Są też inne ograniczenia. Student nie może mieć żadnych zarobków z działalności gospodarczej rozliczanej stawką liniową 19 proc., podatkiem tonażowym ani ryczałtem. Wyjątkiem jest ryczałt 8,5 proc. od przychodów z wynajmu nieruchomości. Zysków z najmu prywatnego nie uwzględnia się przy ustalaniu prawa do ulgi.
Fiskus bierze pod uwagę dochody dziecka uzyskane zarówno w Polsce, jak i za granicą. Potwierdza to m.in. interpretacja Izby Skarbowej w Łodzi z 24 czerwca 2015 r. (IPTPB2/4511-151/15-4/JR). Z pytaniem zwrócił się mężczyzna, którego syn ma 21 lat i studiuje. W wakacje wyjechał do Niemiec, gdzie zarobił ponad 3089 zł. Dyrektor Izby uznał, że mężczyzna nie może w tej sytuacji skorzystać z ulgi na syna, nawet gdy zarobki uzyskane przez dziecko za granicą są w Polsce zwolnione z podatku.
Inne stanowisko zajął w podobnej sprawie WSA w Opolu, który uznał w wyroku z 22 grudnia 2015 r. (I SA/Op 519/15), że zarobków dziecka uzyskanych w Niemczech nie bierze się pod uwagę przy obliczaniu ulgi.

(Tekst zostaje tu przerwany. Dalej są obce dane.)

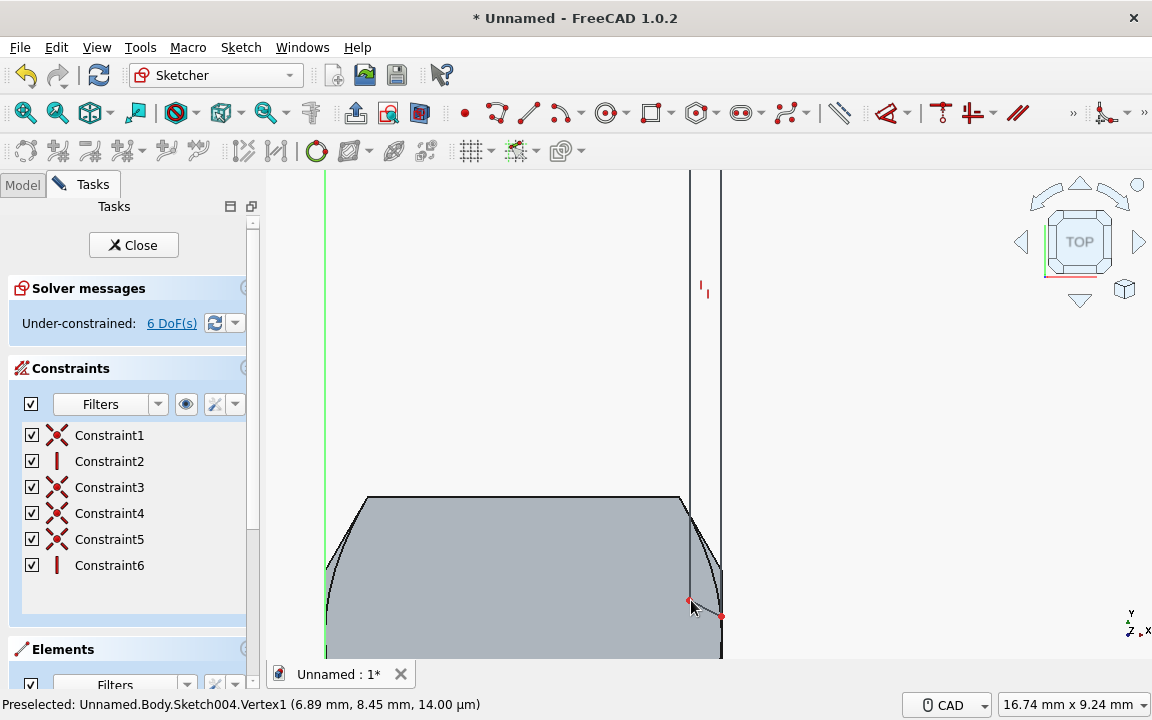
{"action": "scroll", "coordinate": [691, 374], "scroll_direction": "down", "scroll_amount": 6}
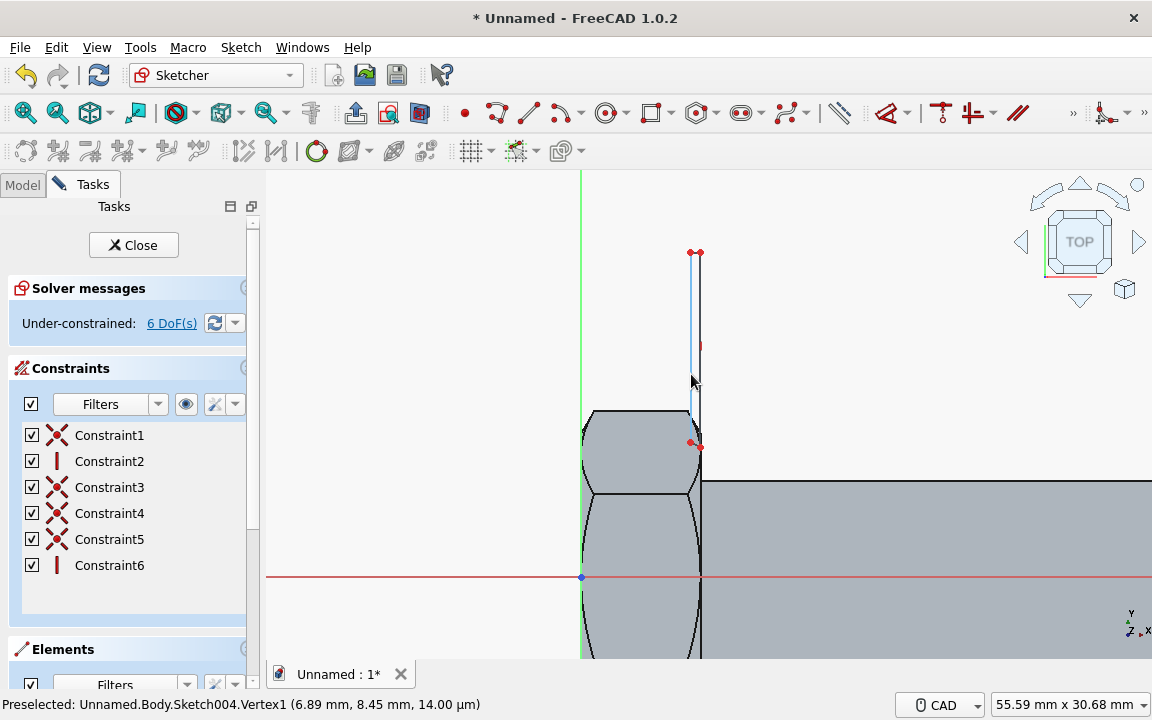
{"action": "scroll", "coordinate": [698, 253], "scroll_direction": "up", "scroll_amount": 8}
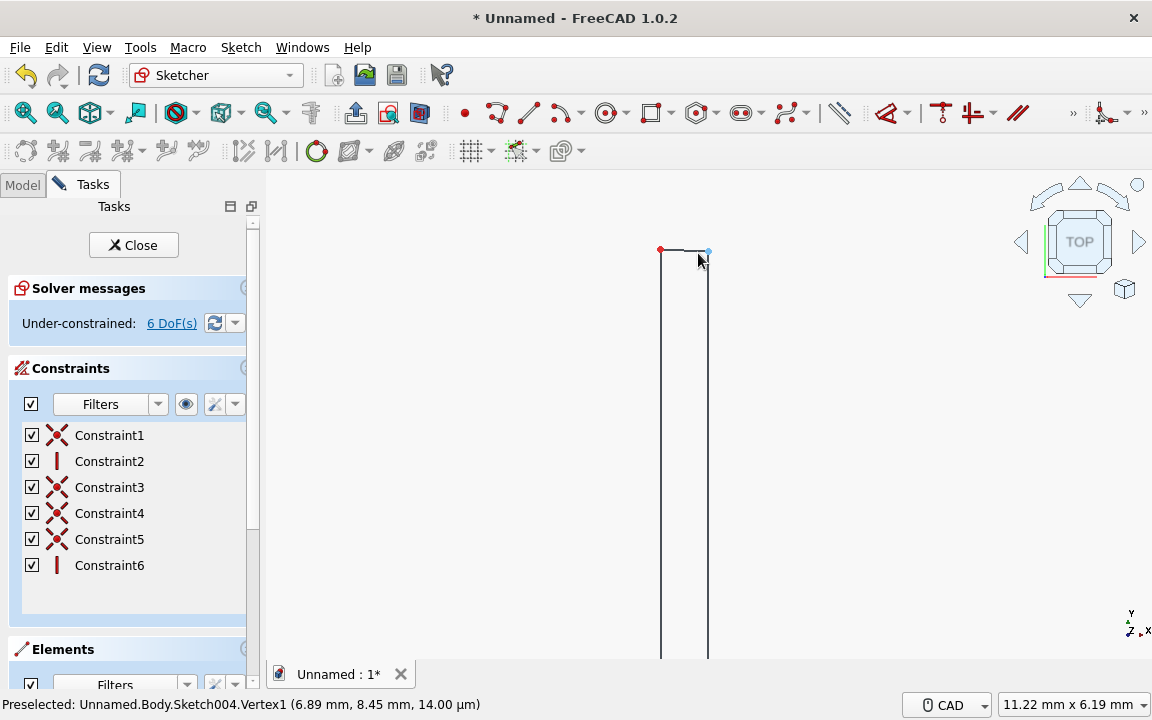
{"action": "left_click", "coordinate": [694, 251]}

Co więcej, wciąż nie zostały rozstrzygnięte spory, w jaki sposób należy wyliczać limit 3089 zł. Fiskus twierdzi w interpretacjach, że kwotę tę oblicza się, odejmując od przychodów wyłącznie koszty ich uzyskania. Część sądów uznaje w wyrokach, że dochód można pomniejszyć również o kwotę składek na ubezpieczenie społeczne, darowizn oraz wydatki na cele rehabilitacyjne czy tzw. ulgę internetową. Jednak osoby, które tak postąpią, ryzykują spór z fiskusem.